The policy battle over the “last mile”—the lines that connect telecom services to homes and businesses—has become particularly intense in recent months.
Competitive local exchange carriers (CLEC) say their incumbent counterparts (the former Baby Bells) are hampering efforts to provide broadband services. They say the incumbent local exchange carriers are flouting the federal Telecom Act of 1996, which requires those carriers to open their local loops. Some telecom providers say the incumbents charge unreasonable prices and create service delays.
CLECs are pursuing a policy called “structural separation,” which would require incumbent carriers to create separate retail and wholesale operations. That concept would make a carriers retail unit line up alongside other CLECs to purchase services from the carriers wholesale operation. Proponents contend that would create an even playing field.
A number of states have been petitioned to require structural separation or have seen bills floated. In February, Access Integrated Networks, a Macon, Ga., telecom provider, asked nine Southeastern states to compel Bell South to create separate retail and wholesale operations. Also in February, two structural separation bills were introduced in the Illinois legislature, in the heart of Ameritech country. A similar bill in the Maryland legislature was recently withdrawn, but lawmakers will study the issue this summer. Legislators in Colorado and Wisconsin have expressed interest in structural separation, as well.
AT&T, a company with local-phone aims of its own, also is pursuing structural separation. The company filed a petition in Florida last month and also has asked public service commissions in Virginia and New Jersey to require structural separation.
“We do believe this is an issue whose time has come,” says Russell Frisby, president of the Competitive Telecommunications Association, which represents CLECs and long-distance carriers, among others.
So far, Pennsylvania has come the closest to requiring structural separation. The states public service commission in March ordered Verizon to pursue “functional” separation as an interim step that may lead to a stricter structural separation.

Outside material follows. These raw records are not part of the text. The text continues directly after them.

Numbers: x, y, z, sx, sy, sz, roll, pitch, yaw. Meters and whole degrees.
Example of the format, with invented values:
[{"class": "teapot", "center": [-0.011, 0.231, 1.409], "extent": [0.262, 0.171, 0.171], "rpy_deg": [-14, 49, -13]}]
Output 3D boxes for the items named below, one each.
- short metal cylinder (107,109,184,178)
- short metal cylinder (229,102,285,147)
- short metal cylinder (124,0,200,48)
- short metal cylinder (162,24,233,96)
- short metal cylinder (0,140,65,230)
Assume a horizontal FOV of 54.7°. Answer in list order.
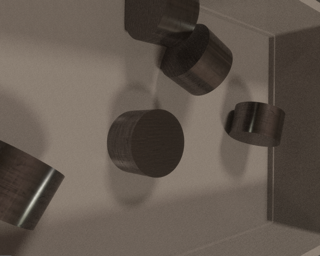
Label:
[{"class": "short metal cylinder", "center": [-0.017, 0.018, 0.378], "extent": [0.081, 0.050, 0.079], "rpy_deg": [0, 90, -40]}, {"class": "short metal cylinder", "center": [0.159, -0.005, 0.507], "extent": [0.080, 0.080, 0.050], "rpy_deg": [25, 74, -38]}, {"class": "short metal cylinder", "center": [0.001, -0.141, 0.373], "extent": [0.050, 0.080, 0.079], "rpy_deg": [1, 89, -41]}, {"class": "short metal cylinder", "center": [0.049, -0.090, 0.414], "extent": [0.050, 0.080, 0.080], "rpy_deg": [31, 71, -36]}, {"class": "short metal cylinder", "center": [-0.130, 0.046, 0.263], "extent": [0.080, 0.080, 0.050], "rpy_deg": [40, 66, -33]}]
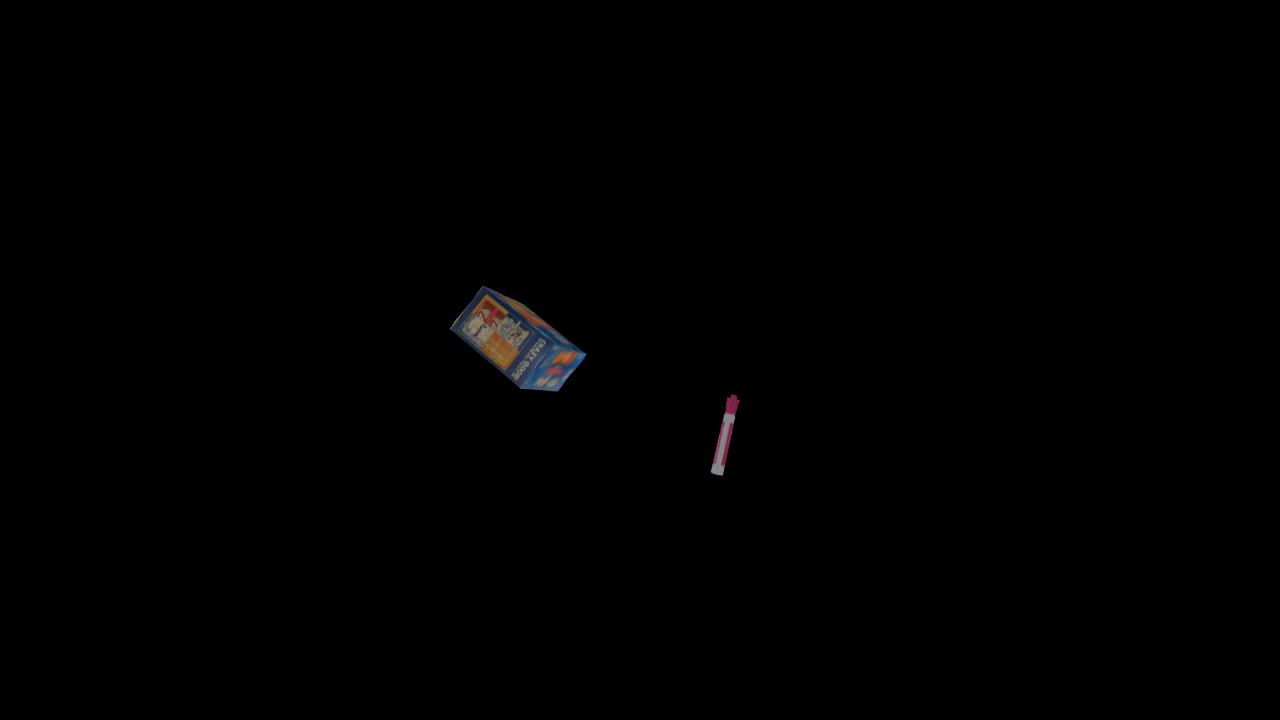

The Baby Bells, meanwhile, resist structural separation as expensive and inefficient. “Splitting Verizon in two would result in higher phone costs, slower deployment of the latest technology for data and Internet access and, worst of all, increased confusion for customers,” says Robert Woltz, president of Verizon Virginia.
But its not just the Baby Bells who are objecting. Representatives from five think tanks—including The Cato Institute and George Mason Universitys Mercatus Center—stated their case in a letter to Congress. Under structural separation, they argue, the carriers wholesale units would run the local loop as regulated monopolies, making services available at a government-regulated price. Referring to CLECs, the letter states: “The fact that some firms are performing poorly in the marketplace—despite numerous regulatory advantages—is hardly cause for returning to the failed model of regulated monopoly.”
Does structural separation boost competition or promote monopoly? You make the call.